Calculate the heat absorbed by $125g$of water $\left( {SH = 1.00cal{{\left( {{g^0}C} \right)}^{ - 1}}} \right)$ when the temperature rises from ${21^0}C$ to ${35^0}C$ ?

Answer 1

The heat absorbed is equal to the product of the mass of water, specific heat of water which was represented by SH and the difference or change in temperature in Celsius. Specific heat is defined as the amount of heat required by a unit mass of substance through one degree centigrade.
Formula used:
$q = mC\Delta T$
$q$ is heat absorbed
$m$ is mass of water
$C$ is specific heat
$\Delta T$ is change in temperature

Complete answer:
Given that the mass of water is $125g$
The specific heat is defined as the amount of heat required for a unit mass of substance to raise the temperature through one degree centigrade. It was given as $SH = 1.00cal{\left( {{g^0}C} \right)^{ - 1}}$
The initial temperature is given as ${21^0}C$ and the final temperature is given as ${35^0}C$
Thus, the change in temperature which was represented by $\Delta T$ is $\left( {35 - 21} \right) = {14^0}C$
Substitute the value of change in temperature, specific heat of water, and mass of substance in the above formula to get the heat absorbed by water
$q = 125 \times 1 \times 14 = 1750cal$
The amount of heat absorbed is obtained in calories.

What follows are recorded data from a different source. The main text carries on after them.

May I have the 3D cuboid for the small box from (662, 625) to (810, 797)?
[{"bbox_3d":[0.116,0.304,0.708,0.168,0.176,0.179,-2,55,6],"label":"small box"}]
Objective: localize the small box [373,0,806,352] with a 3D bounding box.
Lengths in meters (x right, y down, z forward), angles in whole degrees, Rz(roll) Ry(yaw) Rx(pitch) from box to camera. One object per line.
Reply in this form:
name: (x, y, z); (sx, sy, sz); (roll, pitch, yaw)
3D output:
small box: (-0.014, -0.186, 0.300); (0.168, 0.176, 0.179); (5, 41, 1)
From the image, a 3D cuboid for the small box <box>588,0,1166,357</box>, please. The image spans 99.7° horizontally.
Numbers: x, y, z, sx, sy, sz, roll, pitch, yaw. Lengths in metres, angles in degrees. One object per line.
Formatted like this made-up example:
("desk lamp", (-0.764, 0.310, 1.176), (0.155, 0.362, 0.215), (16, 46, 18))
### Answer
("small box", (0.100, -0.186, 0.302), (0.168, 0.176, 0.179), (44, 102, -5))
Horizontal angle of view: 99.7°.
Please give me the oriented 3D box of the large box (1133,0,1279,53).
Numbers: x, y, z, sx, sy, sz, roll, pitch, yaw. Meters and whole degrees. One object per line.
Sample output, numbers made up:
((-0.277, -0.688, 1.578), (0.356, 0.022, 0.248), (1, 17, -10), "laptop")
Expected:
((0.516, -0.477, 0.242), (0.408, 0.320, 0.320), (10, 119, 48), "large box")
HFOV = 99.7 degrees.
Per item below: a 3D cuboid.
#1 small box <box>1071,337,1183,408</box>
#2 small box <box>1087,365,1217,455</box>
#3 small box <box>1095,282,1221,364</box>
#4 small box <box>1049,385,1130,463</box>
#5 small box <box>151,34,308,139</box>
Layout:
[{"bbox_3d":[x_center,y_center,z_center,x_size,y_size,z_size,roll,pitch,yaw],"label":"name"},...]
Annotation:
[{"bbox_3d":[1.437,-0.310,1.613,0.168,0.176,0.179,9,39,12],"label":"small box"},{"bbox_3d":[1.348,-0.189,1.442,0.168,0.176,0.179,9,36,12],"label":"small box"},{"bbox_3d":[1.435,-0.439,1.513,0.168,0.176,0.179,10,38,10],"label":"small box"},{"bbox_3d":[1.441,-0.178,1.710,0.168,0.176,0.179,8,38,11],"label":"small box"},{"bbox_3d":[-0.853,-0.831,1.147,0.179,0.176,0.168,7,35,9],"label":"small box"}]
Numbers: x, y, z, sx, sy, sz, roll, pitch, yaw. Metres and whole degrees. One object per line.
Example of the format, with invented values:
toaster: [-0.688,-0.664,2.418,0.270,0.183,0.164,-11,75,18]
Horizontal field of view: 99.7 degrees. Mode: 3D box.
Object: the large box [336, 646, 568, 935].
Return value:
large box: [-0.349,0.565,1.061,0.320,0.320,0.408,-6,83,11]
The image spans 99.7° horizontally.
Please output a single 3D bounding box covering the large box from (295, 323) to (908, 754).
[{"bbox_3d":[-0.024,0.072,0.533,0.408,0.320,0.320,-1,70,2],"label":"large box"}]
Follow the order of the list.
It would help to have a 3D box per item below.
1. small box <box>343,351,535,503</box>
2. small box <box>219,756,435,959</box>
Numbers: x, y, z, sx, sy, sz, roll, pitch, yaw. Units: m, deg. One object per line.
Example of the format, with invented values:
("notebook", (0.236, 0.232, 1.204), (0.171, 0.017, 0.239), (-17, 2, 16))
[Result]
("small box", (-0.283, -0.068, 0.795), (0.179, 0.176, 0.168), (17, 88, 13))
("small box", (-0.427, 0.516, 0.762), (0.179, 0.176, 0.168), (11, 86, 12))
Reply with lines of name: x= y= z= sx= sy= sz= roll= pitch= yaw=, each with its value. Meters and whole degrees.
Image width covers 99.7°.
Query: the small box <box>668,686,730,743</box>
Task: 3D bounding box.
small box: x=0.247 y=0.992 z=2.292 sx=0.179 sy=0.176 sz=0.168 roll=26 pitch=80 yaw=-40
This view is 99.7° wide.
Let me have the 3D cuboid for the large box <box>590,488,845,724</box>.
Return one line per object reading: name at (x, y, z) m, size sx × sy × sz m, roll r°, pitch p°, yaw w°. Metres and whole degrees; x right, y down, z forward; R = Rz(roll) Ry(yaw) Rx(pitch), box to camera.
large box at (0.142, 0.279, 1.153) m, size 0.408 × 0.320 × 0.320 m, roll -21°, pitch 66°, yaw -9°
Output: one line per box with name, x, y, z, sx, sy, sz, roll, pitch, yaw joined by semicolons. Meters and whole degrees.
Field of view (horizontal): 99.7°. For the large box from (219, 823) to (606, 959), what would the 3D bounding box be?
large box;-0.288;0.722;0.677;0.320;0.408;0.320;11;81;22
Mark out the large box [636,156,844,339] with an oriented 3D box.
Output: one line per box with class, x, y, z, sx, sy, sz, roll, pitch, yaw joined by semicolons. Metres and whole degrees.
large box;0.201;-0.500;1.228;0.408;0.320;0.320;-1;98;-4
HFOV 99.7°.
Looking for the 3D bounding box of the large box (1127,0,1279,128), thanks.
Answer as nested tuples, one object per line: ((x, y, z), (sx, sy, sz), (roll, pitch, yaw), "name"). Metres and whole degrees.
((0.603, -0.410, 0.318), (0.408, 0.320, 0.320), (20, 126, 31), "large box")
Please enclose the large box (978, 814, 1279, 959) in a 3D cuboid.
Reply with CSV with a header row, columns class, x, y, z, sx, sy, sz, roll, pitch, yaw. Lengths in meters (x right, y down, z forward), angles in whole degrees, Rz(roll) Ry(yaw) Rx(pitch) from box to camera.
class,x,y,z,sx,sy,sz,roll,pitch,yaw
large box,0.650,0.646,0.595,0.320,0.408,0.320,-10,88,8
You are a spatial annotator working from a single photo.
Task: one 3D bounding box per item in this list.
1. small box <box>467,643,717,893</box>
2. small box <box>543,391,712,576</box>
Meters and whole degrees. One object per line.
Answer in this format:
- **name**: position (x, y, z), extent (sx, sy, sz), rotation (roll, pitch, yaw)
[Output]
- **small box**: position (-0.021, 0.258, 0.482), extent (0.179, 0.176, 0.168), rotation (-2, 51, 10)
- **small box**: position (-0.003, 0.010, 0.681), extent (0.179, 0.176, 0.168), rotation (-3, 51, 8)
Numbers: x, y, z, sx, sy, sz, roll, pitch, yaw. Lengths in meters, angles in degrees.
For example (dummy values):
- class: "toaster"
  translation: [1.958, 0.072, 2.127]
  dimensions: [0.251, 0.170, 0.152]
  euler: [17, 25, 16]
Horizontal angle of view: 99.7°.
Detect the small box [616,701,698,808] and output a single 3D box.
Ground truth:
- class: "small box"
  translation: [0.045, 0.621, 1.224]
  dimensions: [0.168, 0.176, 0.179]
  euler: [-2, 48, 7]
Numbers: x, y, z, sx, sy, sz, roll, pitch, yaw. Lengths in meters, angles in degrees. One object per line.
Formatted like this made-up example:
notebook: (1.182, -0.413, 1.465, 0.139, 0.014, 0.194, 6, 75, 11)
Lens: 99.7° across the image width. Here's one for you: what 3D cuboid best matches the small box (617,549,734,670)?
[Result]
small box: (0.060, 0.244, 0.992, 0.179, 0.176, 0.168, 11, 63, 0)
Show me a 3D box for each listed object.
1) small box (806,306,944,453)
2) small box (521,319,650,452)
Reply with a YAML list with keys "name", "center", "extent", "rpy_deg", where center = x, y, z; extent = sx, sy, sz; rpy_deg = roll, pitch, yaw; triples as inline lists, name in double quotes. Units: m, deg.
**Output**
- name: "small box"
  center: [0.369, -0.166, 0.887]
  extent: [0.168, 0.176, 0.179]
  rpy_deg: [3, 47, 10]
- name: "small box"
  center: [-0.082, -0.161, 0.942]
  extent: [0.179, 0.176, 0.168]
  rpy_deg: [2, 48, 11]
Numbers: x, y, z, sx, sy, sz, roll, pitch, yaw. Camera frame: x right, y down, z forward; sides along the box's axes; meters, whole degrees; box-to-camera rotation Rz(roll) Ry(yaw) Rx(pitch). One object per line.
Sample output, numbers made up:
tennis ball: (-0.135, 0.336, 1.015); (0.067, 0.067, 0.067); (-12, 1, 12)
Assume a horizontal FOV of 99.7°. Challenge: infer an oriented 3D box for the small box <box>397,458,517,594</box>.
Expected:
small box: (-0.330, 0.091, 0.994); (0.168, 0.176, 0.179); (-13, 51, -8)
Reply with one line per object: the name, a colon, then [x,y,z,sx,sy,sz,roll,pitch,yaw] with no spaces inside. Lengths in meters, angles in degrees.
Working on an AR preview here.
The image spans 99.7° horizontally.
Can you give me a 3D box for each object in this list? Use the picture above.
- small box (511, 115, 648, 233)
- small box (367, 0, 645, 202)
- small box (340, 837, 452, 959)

To convert this value into joules, multiply the value with $4.18$ as one calorie is equal to $4.18J$
$q = 1750 \times 4.18 = 7322J$

Note:
The specific heat is given in terms of calories, grams and Celsius, thus the temperature must be in Celsius, and mass must be present in grams only. When the values substituted in the formula were of these units the heat absorbed will be obtained in calories, which can be converted later into joules.